The company told investors that 5G communications, car electrification and automated driving, industrial-scale IoT connectivity and data science have seen demand for electronics soar.
But an overburdened supply chain and the decoupling of the Chinese and U.S. economies give Altium a chance to position itself among companies that bring their electronics in-house, management said.
Altium President Sergey Kostinsky said 33% of new seats sold were term licenses which, combined with the adoption of “pro” and enterprise-level seats, generate subscription revenue.
“This positive trend has accelerated our annual pace of recurring revenue and supports our drive to reach our ambitious goal of $500 million,” Mr. Kostinsky said.
Altium had prepared the market for a profit margin of between 34% and 36%, and investors were pleased to see the company beat that forecast with a profit margin of 36.7%.
Bell Potter analysts said it was “a stunning result”, saying the success of Altium’s 365 product could prompt US engineering software giant Autodesk to return with another takeover bid .
Last year, Altium rejected Autodesk’s takeover bid, arguing that the $38.50 per share offer was too low.
The company, led by chief executive Aram Mirkazemi, insisted the company’s plans to connect manufacturers, suppliers and designers and all aspects of the engineering process through the cloud would ultimately increase its value.
Bell Potter analysts seemed to agree, telling customers that Autodesk still lacked the range of functions performed by Altium’s cloud-based tool.
“Our view is that Autodesk’s Fusion 360 platform lacks a powerful ECAD offering. We therefore believe that Autodesk would still be very interested in Altium and may come back with a revised offer,” they wrote.
Despite macroeconomic headwinds, Altium announced operating cash flow improved 30% to $72.5 million, and the board approved an 18% increase in the annual dividend to $47 ¢ per share.
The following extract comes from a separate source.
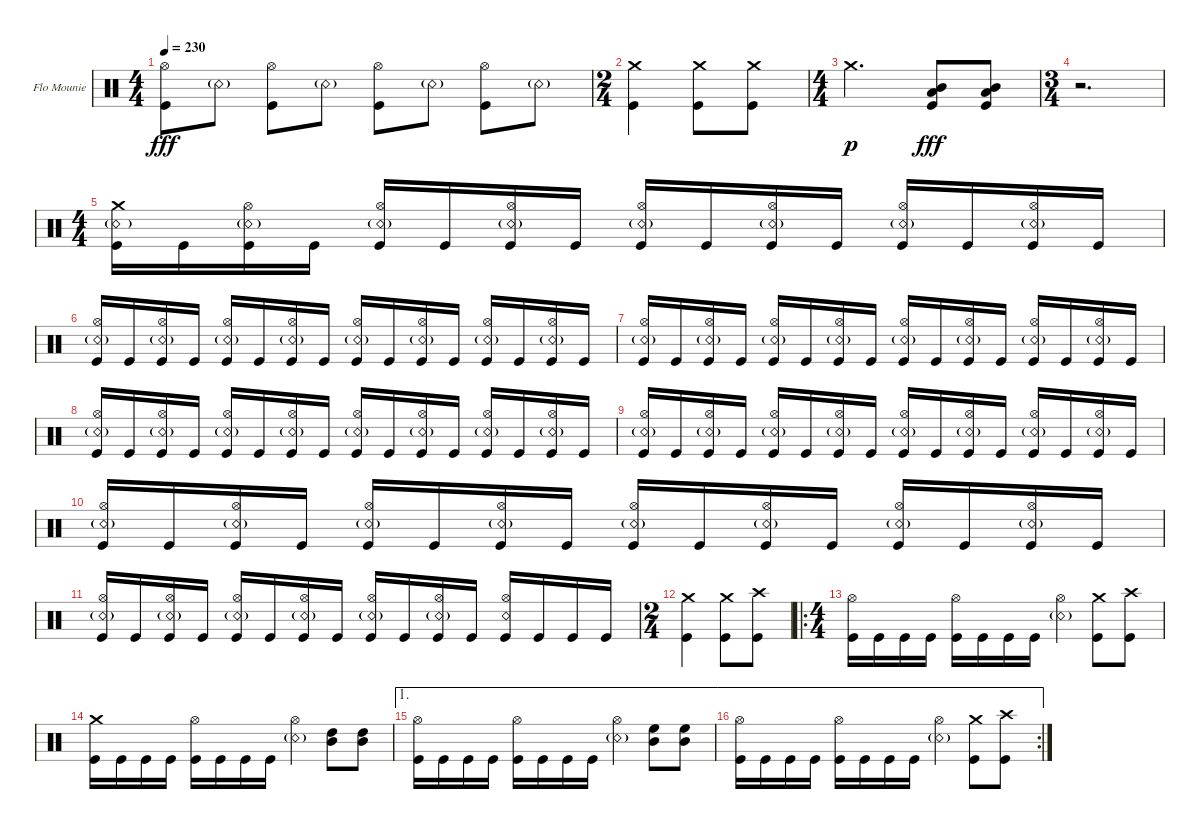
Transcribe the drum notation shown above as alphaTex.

The company has approximately $200 million in cash and no debt.
Looking ahead, Altium said it was “committed” to revenue growth and a firm profit margin.
Total revenue is expected to be between US$255-265 million; a growth rate of between 15 and 20%.
This represents revenue of between $195 million and $200 million for its electronics design software business. This would be a growth of between 15 and 18%.
He also said his engineering cloud platform business will generate between $60 million and $65 million in revenue, which would represent between 20 and 30 percent growth.
The underlying EBITDA margin should be between 35% and 37%.